Segment Start: Dataset excerpts

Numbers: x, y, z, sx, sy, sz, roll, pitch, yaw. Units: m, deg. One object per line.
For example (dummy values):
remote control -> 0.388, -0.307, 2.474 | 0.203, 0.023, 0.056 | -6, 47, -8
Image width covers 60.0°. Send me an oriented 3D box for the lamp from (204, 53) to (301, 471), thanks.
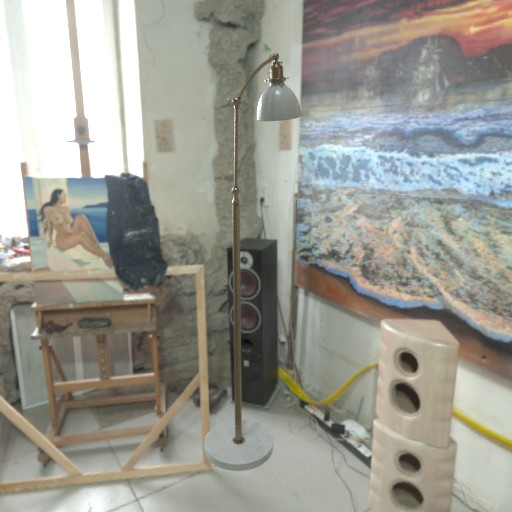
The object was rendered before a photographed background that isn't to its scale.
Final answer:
lamp -> 0.000, 0.000, 1.806 | 0.288, 1.586, 0.599 | 7, 16, 26
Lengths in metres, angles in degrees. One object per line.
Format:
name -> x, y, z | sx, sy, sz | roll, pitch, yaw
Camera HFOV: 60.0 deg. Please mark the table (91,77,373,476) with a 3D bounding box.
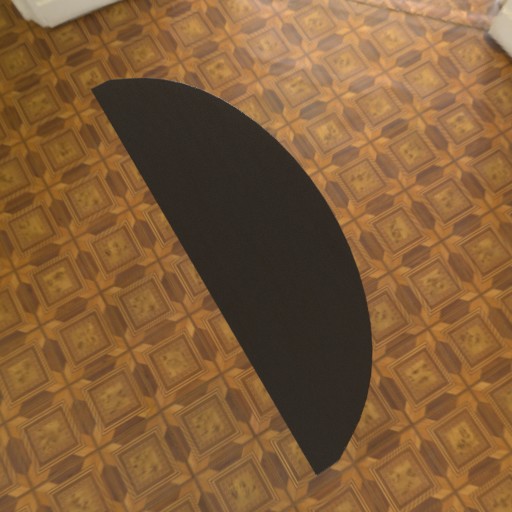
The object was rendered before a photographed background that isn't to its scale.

Segment End: Dataset excerpts

Return every entry above exactly as written, with no pictures included.

--- Exercise solution ---
Numbers: x, y, z, sx, sy, sz, roll, pitch, yaw. Units: m, deg. One object per line.
For example (dummy values):
remote control -> 0.388, -0.307, 2.474 | 0.203, 0.023, 0.056 | -6, 47, -8
Image width covers 60.0°. Send me an oriented 3D box for the lamp from (204, 53) to (301, 471), thanks.
The object was rendered before a photographed background that isn't to its scale.
Final answer:
lamp -> 0.000, 0.000, 1.806 | 0.288, 1.586, 0.599 | 7, 16, 26
Lengths in metres, angles in degrees. One object per line.
Format:
name -> x, y, z | sx, sy, sz | roll, pitch, yaw
Camera HFOV: 60.0 deg. Please mark the table (91,77,373,476) with a 3D bounding box.
The object was rendered before a photographed background that isn't to its scale.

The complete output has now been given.